Round Robin DNS != High Availability. Or am I wrong?

I constantly see people who discuss their "high availability" setups like this:
- round robin DNS
- round robin DNS with a low TTL and some kind of automated DNS change
The first one is pure confusion. Clients do not "try one and if it fails, lookup again". They lookup, get an address, and assume that's the address. Round robin DNS is fine for load balancing, but not for HA. If you have two IPs in a RRDNS and one goes down, 50% of your clients will continue to hit the down server (unless you have some custom client code, but in this case I'm thinking of web browsers).
Even with some low TTL/automated DNS change, it's still weak. There is no guarantee that any nameserver is going to honor your 60-second TTL - I've read some of the big ones ignore anything less than an hour. Second, you're assuming my browser or client will not cache things or that it's cache is short. One example: Internet Explorer caches for 30 minutes by default. FasterFox caches for 1 hour. Etc. And finally, my browser has no idea it's got a "round robin" address - it has no idea that it should check again if the first one doesn't work.
Granted, I think the DNS standard could implement some kind of extension that tags lookups as "there are other addresses you could use". But it doesn't.
So. Am I wrong?
Comments
Yes, you're wrong (partially).
Round robin DNS is not HA, but it can be useful. Think of it more of a poor man's load distribution. It is also the simplest and most fundamental way of doing so. Look up the records for any major website, almost all of them have round robin as it's free and not entirely useless.

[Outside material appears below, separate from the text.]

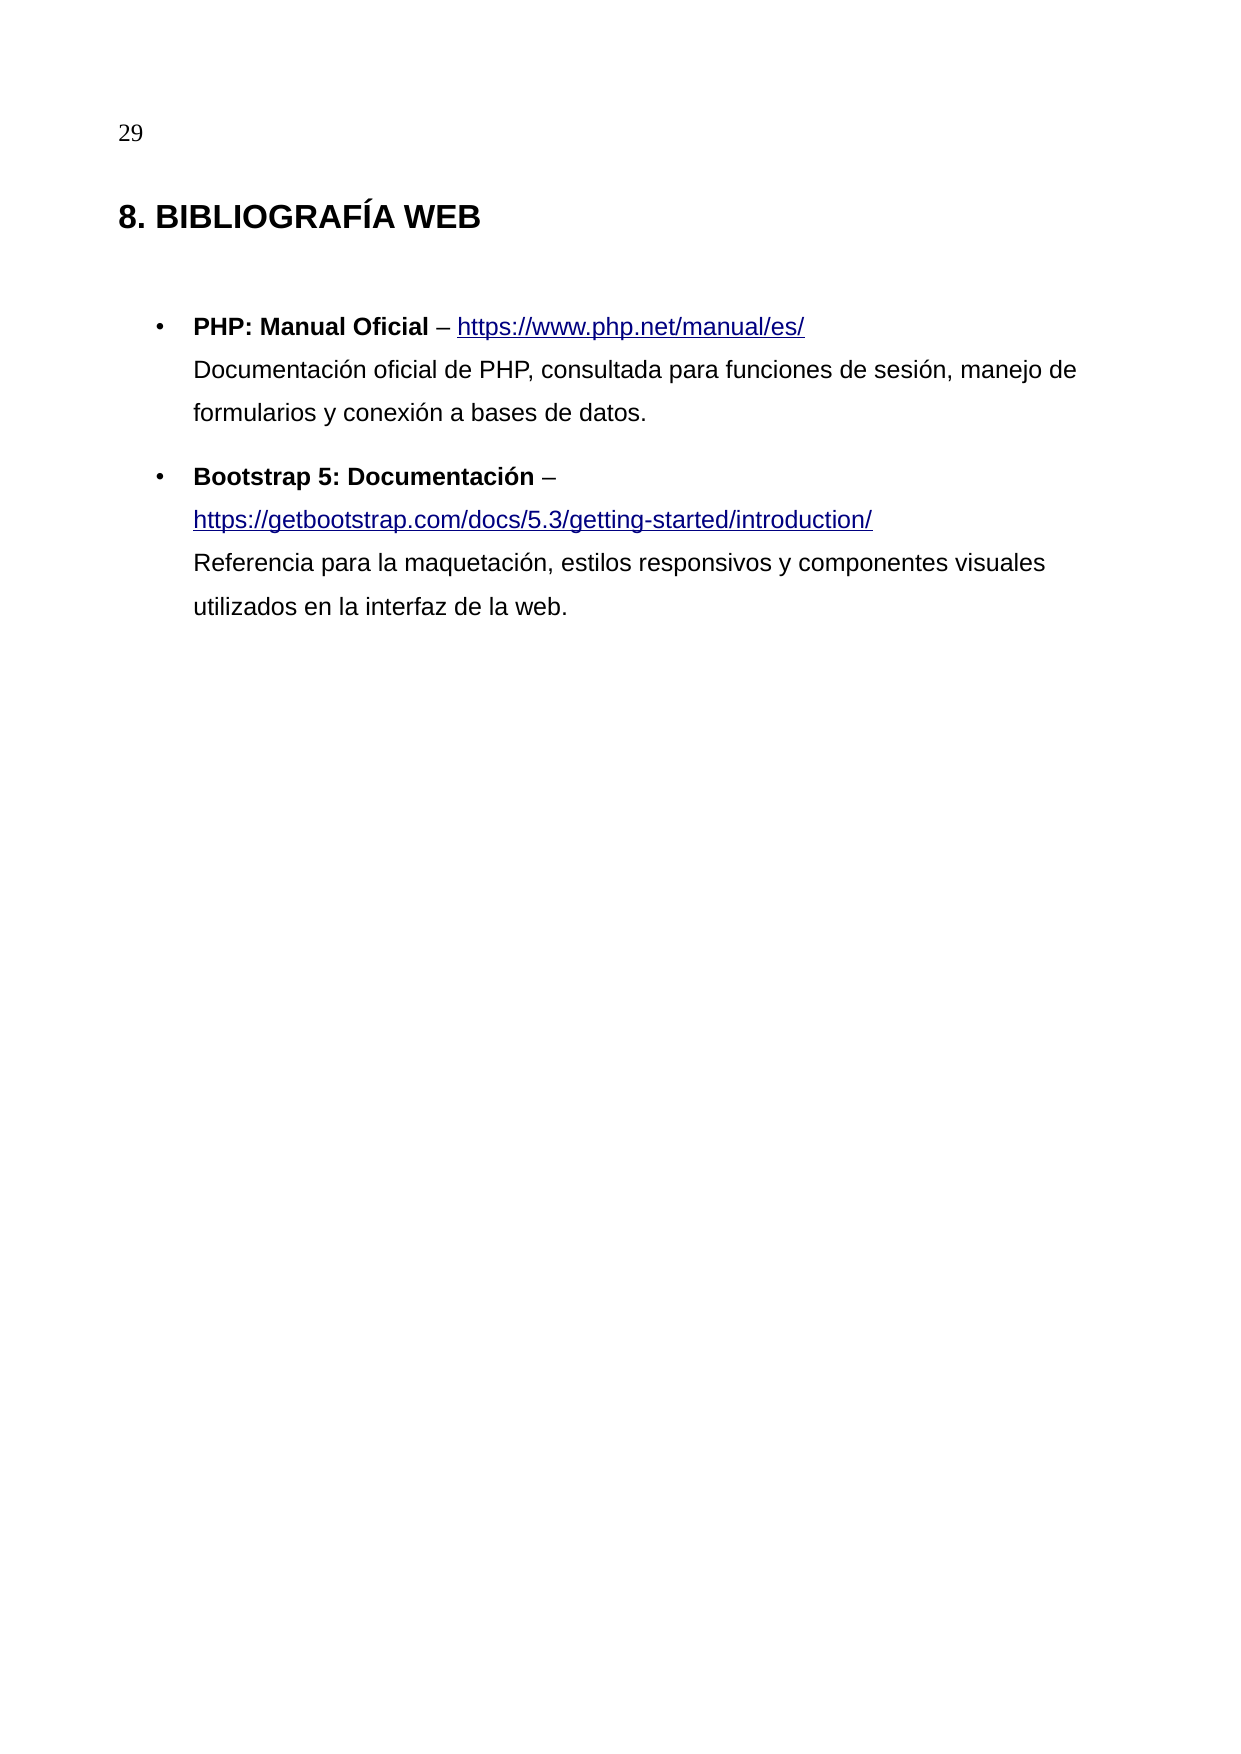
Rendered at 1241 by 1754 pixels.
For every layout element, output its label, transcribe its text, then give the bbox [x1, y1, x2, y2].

subtitle 8. BIBLIOGRAFÍA WEB [118, 197, 1122, 236]
list Bootstrap 5: Documentación – https://getbootstrap.com/docs/5.3/getting-started/introduction/ Referencia para la maquetación, estilos responsivos y componentes visuales utilizados en la interfaz de la web. [156, 462, 1122, 620]
list PHP: Manual Oficial – https://www.php.net/manual/es/ Documentación oficial de PHP, consultada para funciones de sesión, manejo de formularios y conexión a bases de datos. [156, 312, 1122, 427]

All modern browsers do see the multiple IPs in the DNS request and will try the next on the list if the first fails. FireFox (and probably others) caches which one eventually worked and uses it for future requests to that domain. Only the very first request do the down server will be slow while it figures it out, but the rest will be as normal. This of course assumes that the down server is completely unresponsive. If it gives an error code then the browser will think it's fine.
It's not HA but it helps (and it's the best you're likely to get with LEBs). It's not going to get you 100% site uptime but either of those reduces the impact of a failure a little bit:
Thanks. I guess I wasn't aware that browsers get all address...though now that I pause to read the getaddrinfo page, it's plain ("getaddrinfo() returns one or more addrinfo structures"). Probably the same on Windows/Mac-based libraries.

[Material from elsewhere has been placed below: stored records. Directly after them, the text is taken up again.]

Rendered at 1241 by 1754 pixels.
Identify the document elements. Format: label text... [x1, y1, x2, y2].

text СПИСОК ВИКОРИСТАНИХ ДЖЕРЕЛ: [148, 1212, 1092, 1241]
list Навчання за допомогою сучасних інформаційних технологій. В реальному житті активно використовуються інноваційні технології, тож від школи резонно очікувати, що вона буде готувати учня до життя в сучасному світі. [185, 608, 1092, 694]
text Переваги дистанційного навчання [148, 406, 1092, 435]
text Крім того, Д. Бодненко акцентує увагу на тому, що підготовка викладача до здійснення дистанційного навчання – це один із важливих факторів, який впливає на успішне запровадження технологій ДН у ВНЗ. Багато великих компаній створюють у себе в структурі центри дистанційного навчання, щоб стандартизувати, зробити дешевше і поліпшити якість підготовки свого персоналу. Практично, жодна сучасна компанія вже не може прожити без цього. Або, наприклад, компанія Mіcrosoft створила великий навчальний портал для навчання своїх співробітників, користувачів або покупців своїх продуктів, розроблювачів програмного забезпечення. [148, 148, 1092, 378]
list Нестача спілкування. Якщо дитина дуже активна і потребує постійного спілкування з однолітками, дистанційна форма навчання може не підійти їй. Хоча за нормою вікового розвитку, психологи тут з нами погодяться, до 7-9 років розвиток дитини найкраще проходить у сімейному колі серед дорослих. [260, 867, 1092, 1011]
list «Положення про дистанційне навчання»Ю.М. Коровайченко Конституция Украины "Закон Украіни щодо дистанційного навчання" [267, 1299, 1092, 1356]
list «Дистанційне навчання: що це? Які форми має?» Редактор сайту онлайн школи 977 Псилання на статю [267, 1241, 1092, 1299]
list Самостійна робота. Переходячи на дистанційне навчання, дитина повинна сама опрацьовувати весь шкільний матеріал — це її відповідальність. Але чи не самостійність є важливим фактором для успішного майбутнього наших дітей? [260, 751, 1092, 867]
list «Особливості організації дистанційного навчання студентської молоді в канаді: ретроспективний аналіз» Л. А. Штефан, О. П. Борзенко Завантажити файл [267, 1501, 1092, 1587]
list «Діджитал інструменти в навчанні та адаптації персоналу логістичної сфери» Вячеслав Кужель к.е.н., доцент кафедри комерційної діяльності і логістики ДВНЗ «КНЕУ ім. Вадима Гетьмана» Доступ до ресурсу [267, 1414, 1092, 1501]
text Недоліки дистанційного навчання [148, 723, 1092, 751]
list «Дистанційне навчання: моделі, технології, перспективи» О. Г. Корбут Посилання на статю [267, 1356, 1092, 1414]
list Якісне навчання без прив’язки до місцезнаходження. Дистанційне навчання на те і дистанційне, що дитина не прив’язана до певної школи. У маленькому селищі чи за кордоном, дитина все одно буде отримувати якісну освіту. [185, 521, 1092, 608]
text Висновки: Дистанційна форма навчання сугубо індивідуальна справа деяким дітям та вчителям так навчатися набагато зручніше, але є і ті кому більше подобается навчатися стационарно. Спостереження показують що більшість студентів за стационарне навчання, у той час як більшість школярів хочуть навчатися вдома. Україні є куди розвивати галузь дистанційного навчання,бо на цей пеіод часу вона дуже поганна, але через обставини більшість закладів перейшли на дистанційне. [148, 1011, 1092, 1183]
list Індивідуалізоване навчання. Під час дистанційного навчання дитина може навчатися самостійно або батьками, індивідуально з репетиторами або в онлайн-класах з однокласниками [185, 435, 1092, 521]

I thought its the OS that runs the DNS lookup, and the browser just simply gets the for it?
>
getaddrinfo() is POSIX, but a similar version also exist on Windows.
WHT had this debate on Round Robin DNS further along in this thread at http://www.webhostingtalk.com/showthread.php?t=1117385 nice read as it gets more technical further into the thread by folks have had hands on experience with it including how the browser deals with it.
"mugo" in that thread is wrong and pushing out of date crap on the subject. Maybe once upon a time 10+ years ago it was correct.
It does not matter either way as the OS's lookup is perfectly capable of returning multiple A records. For example, on Windows:
Please always bear in mind that a number of recurrsive DNS servers do not respect TTL so DNS should never be used for HA.
Quick question, how do you do the green boxes?
I do a greater than symbol > then a space and then enclose everything in double quotes "". For a quotation.
For a green box, put four extra spaces in front of every line.
If there's still any disbelievers, here's an ancient piece of Mozilla documentation http://www-archive.mozilla.org/docs/netlib/dns.html Read under the round robin support heading.
If they managed to implement it god knows how many years ago I would assume all modern browsers have.
It's not really any use for HA, as routers, browsers, isps etc cache the DNS result, and ignore your TTLs
Also, for those using Cloudflare, it will only try one IP per page load rather than using browser-like retry behaviour. The backend IP to use appears to be selected at random and, if it's down, it'll either serve a cached version or throw an error message.
Rather than doing round-robin you'd want a DNS server that had testing implemented within its core. For example 4psa DNS allows you to setup tests for records (for example ping this ip) and if the test fails the IP is removed from DNS.
With powerdns you can do some very fancy custom coding to develop tests etc.
The main problem with DNS is always going to be DNS Cache as @othellorob has pointed out.